**TASK:** The reply should return the data in full, exactly as written.

**RAW DATA:**
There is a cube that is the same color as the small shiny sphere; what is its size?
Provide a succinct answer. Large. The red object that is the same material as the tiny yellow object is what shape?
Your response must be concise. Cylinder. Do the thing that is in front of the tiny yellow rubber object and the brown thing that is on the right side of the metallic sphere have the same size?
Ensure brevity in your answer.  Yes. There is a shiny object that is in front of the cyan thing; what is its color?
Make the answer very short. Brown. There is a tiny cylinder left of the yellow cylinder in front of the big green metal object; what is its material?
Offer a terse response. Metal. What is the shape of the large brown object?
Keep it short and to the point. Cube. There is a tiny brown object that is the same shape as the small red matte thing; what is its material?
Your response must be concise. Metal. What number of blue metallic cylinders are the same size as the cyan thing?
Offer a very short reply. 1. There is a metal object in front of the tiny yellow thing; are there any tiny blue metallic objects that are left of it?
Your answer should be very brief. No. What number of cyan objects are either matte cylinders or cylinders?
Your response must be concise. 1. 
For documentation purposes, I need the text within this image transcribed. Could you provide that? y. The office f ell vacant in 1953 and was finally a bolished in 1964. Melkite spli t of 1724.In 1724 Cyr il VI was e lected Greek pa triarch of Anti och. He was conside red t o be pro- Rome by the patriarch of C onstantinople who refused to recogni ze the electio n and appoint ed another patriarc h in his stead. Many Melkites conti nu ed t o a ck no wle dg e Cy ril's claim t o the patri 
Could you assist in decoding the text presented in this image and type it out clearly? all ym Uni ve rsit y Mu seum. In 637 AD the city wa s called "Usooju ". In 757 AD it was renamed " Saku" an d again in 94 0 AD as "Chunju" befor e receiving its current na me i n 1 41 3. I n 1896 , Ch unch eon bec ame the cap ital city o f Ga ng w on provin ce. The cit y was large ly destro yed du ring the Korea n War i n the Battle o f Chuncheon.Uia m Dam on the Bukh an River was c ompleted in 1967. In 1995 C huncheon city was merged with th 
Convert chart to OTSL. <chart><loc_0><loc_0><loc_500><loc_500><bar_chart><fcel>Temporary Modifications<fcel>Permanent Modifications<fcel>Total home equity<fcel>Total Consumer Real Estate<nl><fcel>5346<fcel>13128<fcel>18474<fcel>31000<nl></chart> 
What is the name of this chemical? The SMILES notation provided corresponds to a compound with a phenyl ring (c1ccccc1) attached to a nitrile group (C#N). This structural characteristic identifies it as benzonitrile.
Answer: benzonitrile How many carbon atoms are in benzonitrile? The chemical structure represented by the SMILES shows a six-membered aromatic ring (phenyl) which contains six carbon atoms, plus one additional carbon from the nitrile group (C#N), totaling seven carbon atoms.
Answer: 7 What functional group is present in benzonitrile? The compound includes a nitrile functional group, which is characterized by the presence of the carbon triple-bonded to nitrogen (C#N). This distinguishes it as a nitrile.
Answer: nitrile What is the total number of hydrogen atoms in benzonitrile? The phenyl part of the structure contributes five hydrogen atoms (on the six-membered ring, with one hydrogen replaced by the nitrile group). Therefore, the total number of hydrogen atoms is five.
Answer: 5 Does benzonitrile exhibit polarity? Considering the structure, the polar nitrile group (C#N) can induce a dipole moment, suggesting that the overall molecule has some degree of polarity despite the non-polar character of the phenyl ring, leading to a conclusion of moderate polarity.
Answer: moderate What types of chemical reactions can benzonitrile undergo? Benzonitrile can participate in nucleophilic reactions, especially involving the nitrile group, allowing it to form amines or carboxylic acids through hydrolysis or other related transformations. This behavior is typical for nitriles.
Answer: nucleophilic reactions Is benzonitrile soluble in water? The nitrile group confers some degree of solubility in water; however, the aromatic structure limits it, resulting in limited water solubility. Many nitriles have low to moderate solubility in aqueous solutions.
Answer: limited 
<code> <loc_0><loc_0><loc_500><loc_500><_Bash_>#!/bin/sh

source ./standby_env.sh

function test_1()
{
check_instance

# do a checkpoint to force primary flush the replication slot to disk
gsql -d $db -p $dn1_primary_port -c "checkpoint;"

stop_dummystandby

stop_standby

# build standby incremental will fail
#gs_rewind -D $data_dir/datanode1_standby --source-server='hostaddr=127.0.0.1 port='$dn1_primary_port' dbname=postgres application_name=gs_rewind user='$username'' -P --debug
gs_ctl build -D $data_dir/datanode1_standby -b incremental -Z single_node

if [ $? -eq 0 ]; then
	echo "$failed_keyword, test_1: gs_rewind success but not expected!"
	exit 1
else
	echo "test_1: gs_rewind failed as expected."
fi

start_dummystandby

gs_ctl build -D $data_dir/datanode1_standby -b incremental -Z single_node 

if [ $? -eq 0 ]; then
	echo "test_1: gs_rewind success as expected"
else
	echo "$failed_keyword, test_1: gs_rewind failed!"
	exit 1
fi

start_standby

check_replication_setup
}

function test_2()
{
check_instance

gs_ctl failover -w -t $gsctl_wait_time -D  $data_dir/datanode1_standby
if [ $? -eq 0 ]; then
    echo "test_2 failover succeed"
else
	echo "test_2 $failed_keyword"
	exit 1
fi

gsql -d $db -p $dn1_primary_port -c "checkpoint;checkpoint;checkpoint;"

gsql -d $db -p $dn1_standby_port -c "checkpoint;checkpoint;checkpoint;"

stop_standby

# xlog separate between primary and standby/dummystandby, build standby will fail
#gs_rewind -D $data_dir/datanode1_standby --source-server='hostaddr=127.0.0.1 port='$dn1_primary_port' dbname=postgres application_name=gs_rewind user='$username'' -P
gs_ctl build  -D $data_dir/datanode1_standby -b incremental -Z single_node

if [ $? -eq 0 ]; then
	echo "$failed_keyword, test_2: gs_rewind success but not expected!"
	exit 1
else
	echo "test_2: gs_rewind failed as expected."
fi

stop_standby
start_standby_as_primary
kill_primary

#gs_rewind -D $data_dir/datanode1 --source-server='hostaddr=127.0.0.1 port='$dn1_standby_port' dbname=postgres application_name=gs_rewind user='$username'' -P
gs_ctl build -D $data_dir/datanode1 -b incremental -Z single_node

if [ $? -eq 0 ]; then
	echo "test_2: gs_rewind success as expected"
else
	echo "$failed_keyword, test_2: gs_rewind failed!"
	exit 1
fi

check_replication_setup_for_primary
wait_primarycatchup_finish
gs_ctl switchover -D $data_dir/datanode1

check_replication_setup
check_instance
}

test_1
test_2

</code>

**WRITTEN REPLY:**
There is a cube that is the same color as the small shiny sphere; what is its size?
Provide a succinct answer. Large. The red object that is the same material as the tiny yellow object is what shape?
Your response must be concise. Cylinder. Do the thing that is in front of the tiny yellow rubber object and the brown thing that is on the right side of the metallic sphere have the same size?
Ensure brevity in your answer.  Yes. There is a shiny object that is in front of the cyan thing; what is its color?
Make the answer very short. Brown. There is a tiny cylinder left of the yellow cylinder in front of the big green metal object; what is its material?
Offer a terse response. Metal. What is the shape of the large brown object?
Keep it short and to the point. Cube. There is a tiny brown object that is the same shape as the small red matte thing; what is its material?
Your response must be concise. Metal. What number of blue metallic cylinders are the same size as the cyan thing?
Offer a very short reply. 1. There is a metal object in front of the tiny yellow thing; are there any tiny blue metallic objects that are left of it?
Your answer should be very brief. No. What number of cyan objects are either matte cylinders or cylinders?
Your response must be concise. 1. 
For documentation purposes, I need the text within this image transcribed. Could you provide that? y. The office f ell vacant in 1953 and was finally a bolished in 1964. Melkite spli t of 1724.In 1724 Cyr il VI was e lected Greek pa triarch of Anti och. He was conside red t o be pro- Rome by the patriarch of C onstantinople who refused to recogni ze the electio n and appoint ed another patriarc h in his stead. Many Melkites conti nu ed t o a ck no wle dg e Cy ril's claim t o the patri 
Could you assist in decoding the text presented in this image and type it out clearly? all ym Uni ve rsit y Mu seum. In 637 AD the city wa s called "Usooju ". In 757 AD it was renamed " Saku" an d again in 94 0 AD as "Chunju" befor e receiving its current na me i n 1 41 3. I n 1896 , Ch unch eon bec ame the cap ital city o f Ga ng w on provin ce. The cit y was large ly destro yed du ring the Korea n War i n the Battle o f Chuncheon.Uia m Dam on the Bukh an River was c ompleted in 1967. In 1995 C huncheon city was merged with th 
Convert chart to OTSL. <chart><loc_0><loc_0><loc_500><loc_500><bar_chart><fcel>Temporary Modifications<fcel>Permanent Modifications<fcel>Total home equity<fcel>Total Consumer Real Estate<nl><fcel>5346<fcel>13128<fcel>18474<fcel>31000<nl></chart> 
What is the name of this chemical? The SMILES notation provided corresponds to a compound with a phenyl ring (c1ccccc1) attached to a nitrile group (C#N). This structural characteristic identifies it as benzonitrile.
Answer: benzonitrile How many carbon atoms are in benzonitrile? The chemical structure represented by the SMILES shows a six-membered aromatic ring (phenyl) which contains six carbon atoms, plus one additional carbon from the nitrile group (C#N), totaling seven carbon atoms.
Answer: 7 What functional group is present in benzonitrile? The compound includes a nitrile functional group, which is characterized by the presence of the carbon triple-bonded to nitrogen (C#N). This distinguishes it as a nitrile.
Answer: nitrile What is the total number of hydrogen atoms in benzonitrile? The phenyl part of the structure contributes five hydrogen atoms (on the six-membered ring, with one hydrogen replaced by the nitrile group). Therefore, the total number of hydrogen atoms is five.
Answer: 5 Does benzonitrile exhibit polarity? Considering the structure, the polar nitrile group (C#N) can induce a dipole moment, suggesting that the overall molecule has some degree of polarity despite the non-polar character of the phenyl ring, leading to a conclusion of moderate polarity.
Answer: moderate What types of chemical reactions can benzonitrile undergo? Benzonitrile can participate in nucleophilic reactions, especially involving the nitrile group, allowing it to form amines or carboxylic acids through hydrolysis or other related transformations. This behavior is typical for nitriles.
Answer: nucleophilic reactions Is benzonitrile soluble in water? The nitrile group confers some degree of solubility in water; however, the aromatic structure limits it, resulting in limited water solubility. Many nitriles have low to moderate solubility in aqueous solutions.
Answer: limited 
<code> <loc_0><loc_0><loc_500><loc_500><_Bash_>#!/bin/sh

source ./standby_env.sh

function test_1()
{
check_instance

# do a checkpoint to force primary flush the replication slot to disk
gsql -d $db -p $dn1_primary_port -c "checkpoint;"

stop_dummystandby

stop_standby

# build standby incremental will fail
#gs_rewind -D $data_dir/datanode1_standby --source-server='hostaddr=127.0.0.1 port='$dn1_primary_port' dbname=postgres application_name=gs_rewind user='$username'' -P --debug
gs_ctl build -D $data_dir/datanode1_standby -b incremental -Z single_node

if [ $? -eq 0 ]; then
	echo "$failed_keyword, test_1: gs_rewind success but not expected!"
	exit 1
else
	echo "test_1: gs_rewind failed as expected."
fi

start_dummystandby

gs_ctl build -D $data_dir/datanode1_standby -b incremental -Z single_node 

if [ $? -eq 0 ]; then
	echo "test_1: gs_rewind success as expected"
else
	echo "$failed_keyword, test_1: gs_rewind failed!"
	exit 1
fi

start_standby

check_replication_setup
}

function test_2()
{
check_instance

gs_ctl failover -w -t $gsctl_wait_time -D  $data_dir/datanode1_standby
if [ $? -eq 0 ]; then
    echo "test_2 failover succeed"
else
	echo "test_2 $failed_keyword"
	exit 1
fi

gsql -d $db -p $dn1_primary_port -c "checkpoint;checkpoint;checkpoint;"

gsql -d $db -p $dn1_standby_port -c "checkpoint;checkpoint;checkpoint;"

stop_standby

# xlog separate between primary and standby/dummystandby, build standby will fail
#gs_rewind -D $data_dir/datanode1_standby --source-server='hostaddr=127.0.0.1 port='$dn1_primary_port' dbname=postgres application_name=gs_rewind user='$username'' -P
gs_ctl build  -D $data_dir/datanode1_standby -b incremental -Z single_node

if [ $? -eq 0 ]; then
	echo "$failed_keyword, test_2: gs_rewind success but not expected!"
	exit 1
else
	echo "test_2: gs_rewind failed as expected."
fi

stop_standby
start_standby_as_primary
kill_primary

#gs_rewind -D $data_dir/datanode1 --source-server='hostaddr=127.0.0.1 port='$dn1_standby_port' dbname=postgres application_name=gs_rewind user='$username'' -P
gs_ctl build -D $data_dir/datanode1 -b incremental -Z single_node

if [ $? -eq 0 ]; then
	echo "test_2: gs_rewind success as expected"
else
	echo "$failed_keyword, test_2: gs_rewind failed!"
	exit 1
fi

check_replication_setup_for_primary
wait_primarycatchup_finish
gs_ctl switchover -D $data_dir/datanode1

check_replication_setup
check_instance
}

test_1
test_2

</code>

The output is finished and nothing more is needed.